Maybe something like in video games: F, D, C, B, A, S, SS, SSS? With "A" corresponding to the current best grade, and getting an "S" requires you to do something beyond normal school duties (e.g. participating at a math olympiad), so there would be nothing wrong if there is no S-graded student in the entire school. We could even make it a requirement that grades F-A can be freely awarded by the local teacher, but getting an S and beyond requires some kind of independent exam.

Grade inflation originally began in the United States due to the Vietnam War draft. University students where exempt from the draft as long as they maintained high enough grades, so students became less willing to stretch their abilities and professors less willing to accurately report their abilities.

The issue is that grades are trying to serve three separate purposes:

  1. Regular feedback to students on how well they understand the material.

  2. Personal recommendations from teachers to prospective employers/universities.

  3. Global comparisons between students.

The administration mostly believe grades serve the third purpose, so they advocate for fudging the numbers. "Last year, our new policies implemented at Goodhart School of Excellence improved the GPA by 0.5 points! Look at how successful our students are compared to others." Teachers, on the other hand, usually want grades to serve the first two purposes. If we want to prevent Goodharting, we can either give teachers back their power, or use other comparison systems.

This is already kind-of a thing.

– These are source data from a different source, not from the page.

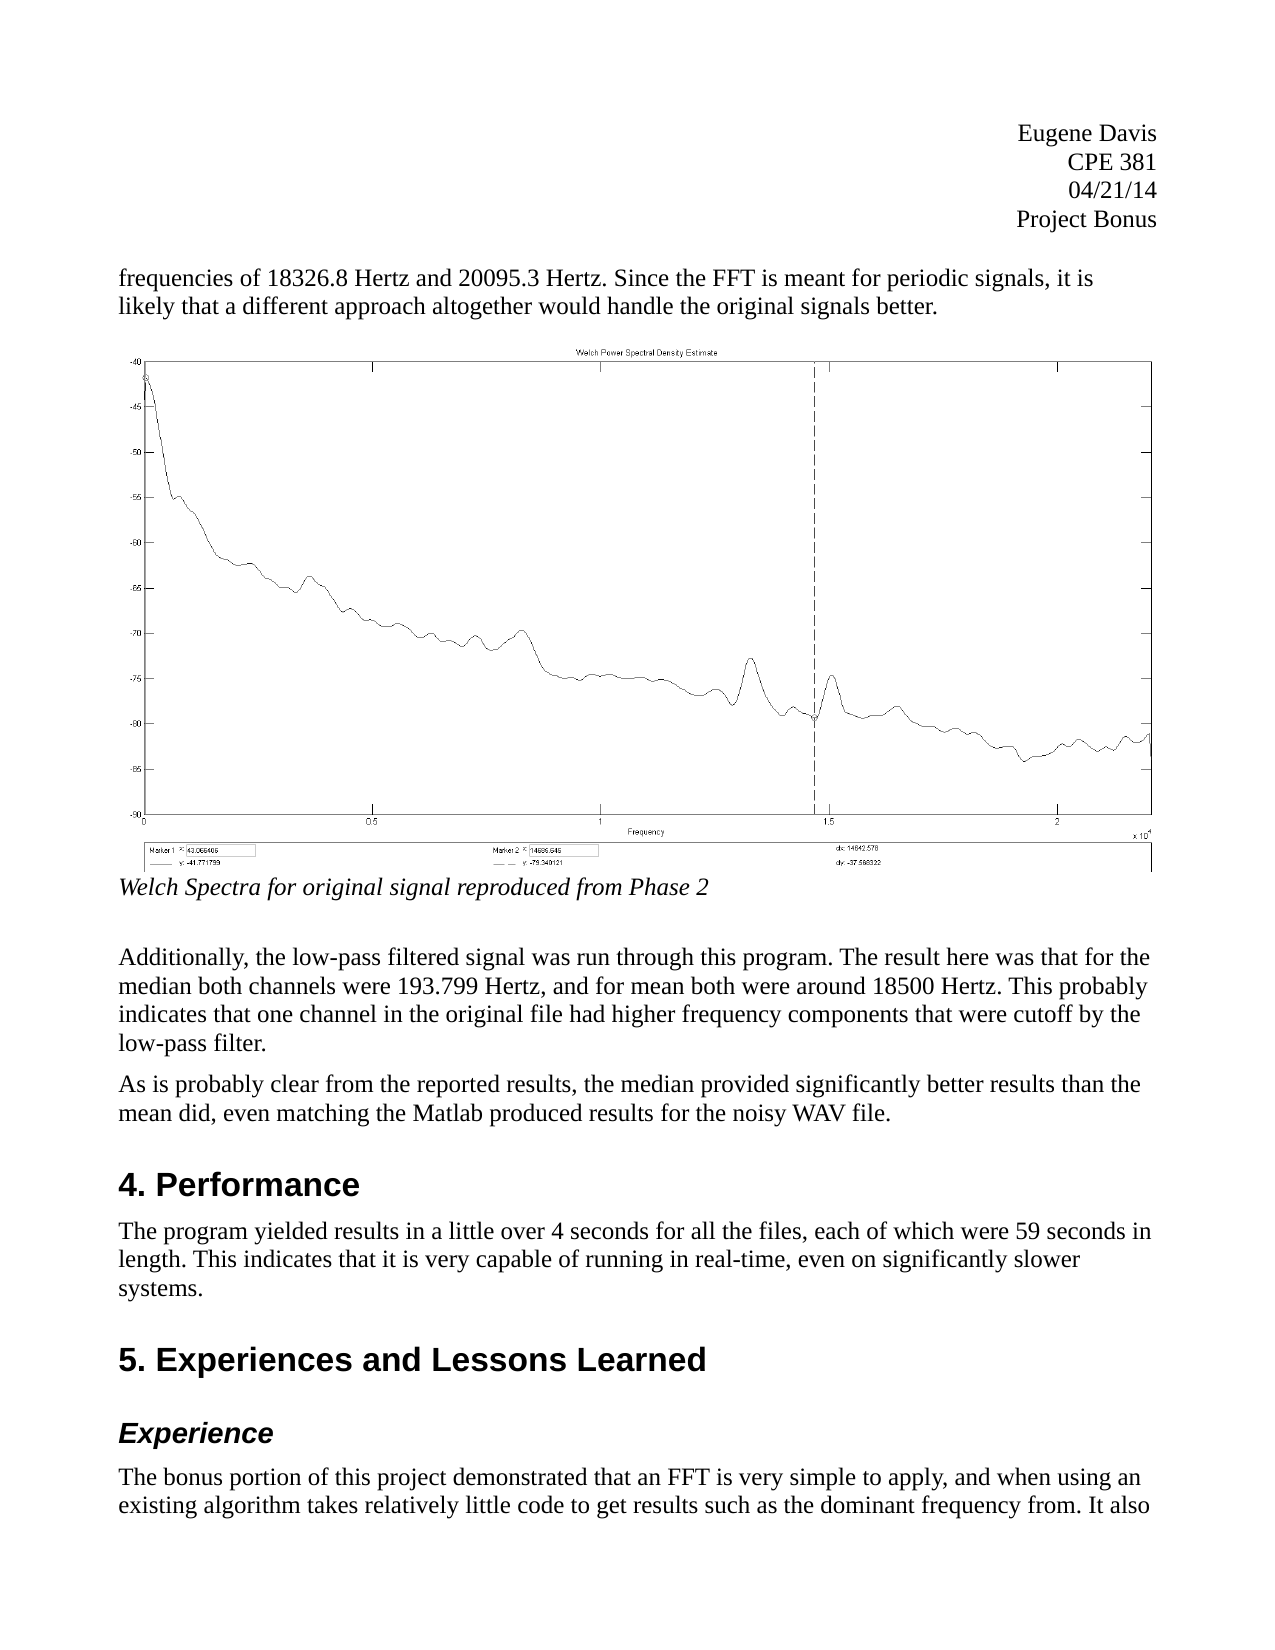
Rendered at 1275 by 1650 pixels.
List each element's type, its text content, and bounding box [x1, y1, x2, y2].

text Additionally, the low-pass filtered signal was run through this program. The result here was that for the median both channels were 193.799 Hertz, and for mean both were around 18500 Hertz. This probably indicates that one channel in the original file had higher frequency components that were cutoff by the low-pass filter. [118, 942, 1157, 1057]
text The bonus portion of this project demonstrated that an FFT is very simple to apply, and when using an existing algorithm takes relatively little code to get results such as the dominant frequency from. It also [118, 1462, 1157, 1519]
text frequencies of 18326.8 Hertz and 20095.3 Hertz. Since the FFT is meant for periodic signals, it is likely that a different approach altogether would handle the original signals better. [118, 263, 1157, 320]
subtitle 4. Performance [118, 1164, 1157, 1203]
subtitle Experience [118, 1416, 1157, 1449]
text Welch Spectra for original signal reproduced from Phase 2 [118, 872, 1157, 901]
subtitle 5. Experiences and Lessons Learned [118, 1339, 1157, 1378]
text The program yielded results in a little over 4 seconds for all the files, each of which were 59 seconds in length. This indicates that it is very capable of running in real-time, even on significantly slower systems. [118, 1216, 1157, 1302]
picture [118, 345, 1157, 872]
text As is probably clear from the reported results, the median provided significantly better results than the mean did, even matching the Matlab produced results for the noisy WAV file. [118, 1069, 1157, 1127]

Top universities no longer use GPA as a metric, except as a demerit for imperfect grades, relying more on standardized test scores. There was a brief period where they tried going test-optional, but MIT quickly reversed that trend. I don't think a standardized exam is a perfect solution—how do you compare project- or lab-based classes, like computer science and chemistry? I think in these scenarios we could have students submit their work to third parties, much like the capstone project in AP Seminar & Research.

If we can get administrators to use a better (unfudgible) comparator, I'm not actually terribly worried whether teachers use grades to give regular feedback or recommend their students. It's just important to make sure the comparator is hard enough to actually see a spread, even at the very top. The number of "perfect" ACT scores has increased by 25x in the past 25 years, and I understand why from a money-making perspective, but it's really unfortunate that there are several dozen sixth-graders that could get a 36 in any given section (maybe not the same sixth-graders for each section). How is one school supposed to show it's better at helping these kinds of students than another school? The answer right now is competitions; in seventh grade, I (and half a dozen others) switched schools solely because the other had won the state MATHCOUNTS competition. Word quickly gets around which schools have the best clubs, though it really is just the club, not the classes.

The median parent has median students for children. Therefore, interventions that seem good for the bottom 80% are much more popular than ones for the top %20 percent by simple population dynamics. So of course people care more about school for the middle 80 percent, since there is about an 80 percent chance that their children are there. At that point, arguing to the middle 80 wins elections, so we should expect to see it.  

The current education system focuses almost exclusively on the bottom 20%. If we're expecting a tyranny of the majority, we should see the top and bottom losing out. Also, note that very few children actually have an 80% chance of ending up in the middle 80%, so you would really expect class warfare not a veil of ignorance if people are optimising specifically for their own future children's education.